EMS-Data shows: Vaccination offers reliable protection, also against infection with Delta variant

The protective effect of the Corona vaccination is regularly questioned or even denied. Currently, the increasing number of vaccine breakthroughs is used as an argument for this.

Why this argumentation is not true, we want to illuminate in three steps:

  1. These claims can be refuted with simple considerations.
  2. the comparison of vaccinated and unvaccinated persons, as well as the infections of vaccinated and unvaccinated persons, shows that vaccination is effective.
  3. Finally, with the help of data from the Epidemiological Reporting System (EMS), the vaccination effectiveness can be calculated. It is 78.5% in Austria, based on EMS data (for mRNA vaccines, see [5] at Annotations & Limitations).

Graph 1 shows the impact of a vaccine efficacy of 78.5% on the incidence of infection. While 3,074 people tested Covid positive out of every 100,000 unvaccinated, only 662 did so in the vaccinated group. So vaccinated people have a much lower risk.

In the following, we will go through the three points step by step and see that the vaccine efficacy also applies to the delta variant.

Before that, however, we briefly review the necessary definitions and data basis.

{< dwhadddiv “lalalala” >}} Pictogram: Out of 100 unvaccinated individuals, more than 30 became infected during the observation period. In contrast, thanks to the vaccination efficacy of 78.5%, only 6.6 people are infected in the vaccinated group. Graph 1, left: During the observation period [4] of every 100,000 unvaccinated individuals 3,074 became infected with Covid-19. Right: thanks to vaccine efficacy of 78.5%, only 662 people became infected out of every 100,000 vaccinated people during the same period.

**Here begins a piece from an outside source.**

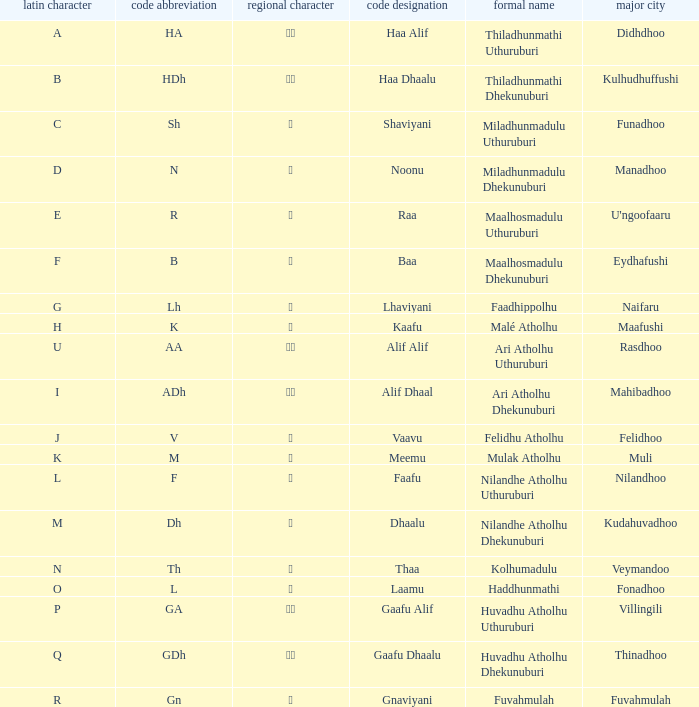The capital of funadhoo has what local letter? ށ. 
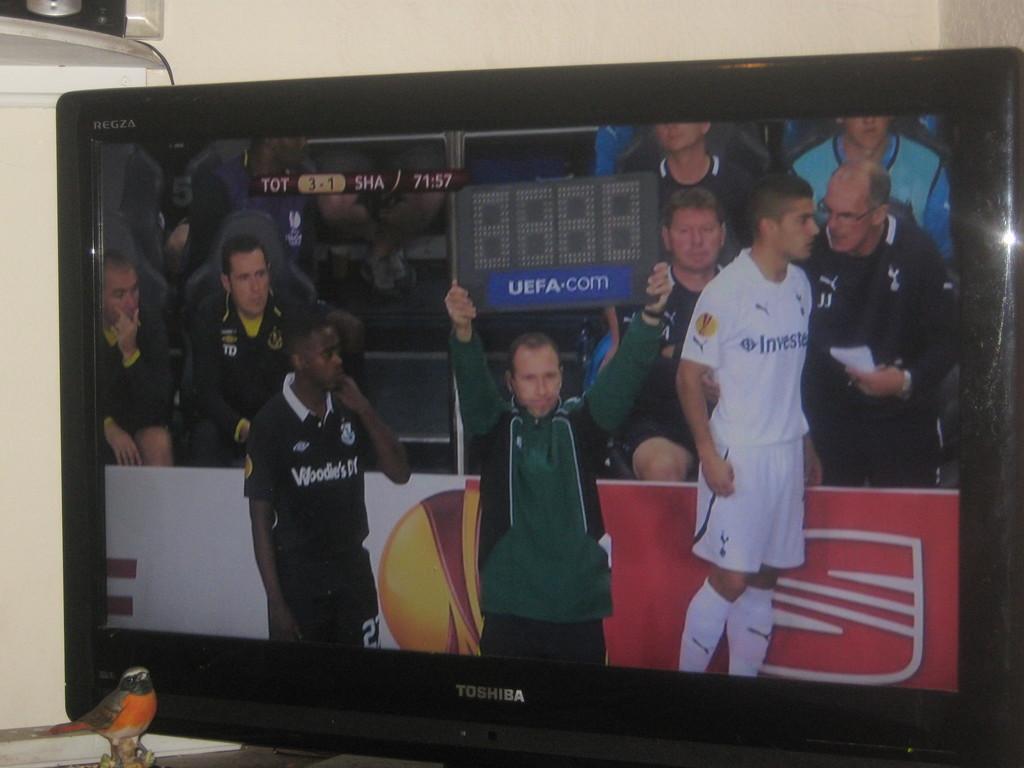Could you give a brief overview of what you see in this image? It's a video in the t. v. in the middle a person is standing. He wore a green color dress. In the right side another man is standing, he wore a white color dress. 
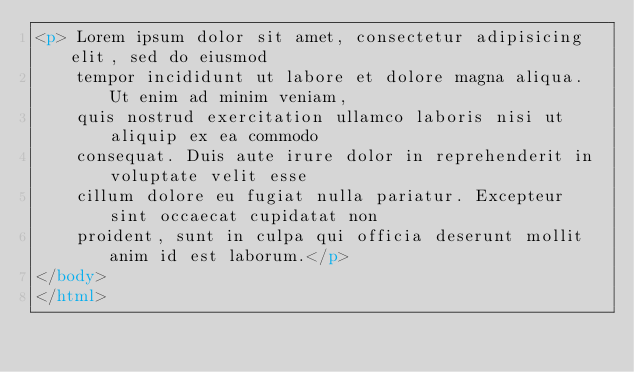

Definitions and data situation

The Robert Koch Institute (Germany) defines vaccine breakthrough, “when a PCR-confirmed SARS-CoV-2 infection with symptomatology is detected in a fully vaccinated person. “ More than 14 days must have elapsed since the “last required vaccine dose” (see [1] at Notes & Limitations).

Thus, for an analysis, the vaccination data (who was vaccinated and when) plus data on the severity of the disease (asymptomatic or symptomatic or even hospitalized) are needed. In Austria, the Epidemiological Reporting System (EMS) registers all confirmed Covid-19 cases (positive PCR test), but “without” severity of illness (see [2]). Therefore, the system does not distinguish between infected persons without symptoms and diseased persons with symptoms. Therefore, the number of vaccine breakthroughs (as defined above) cannot be calculated with these data.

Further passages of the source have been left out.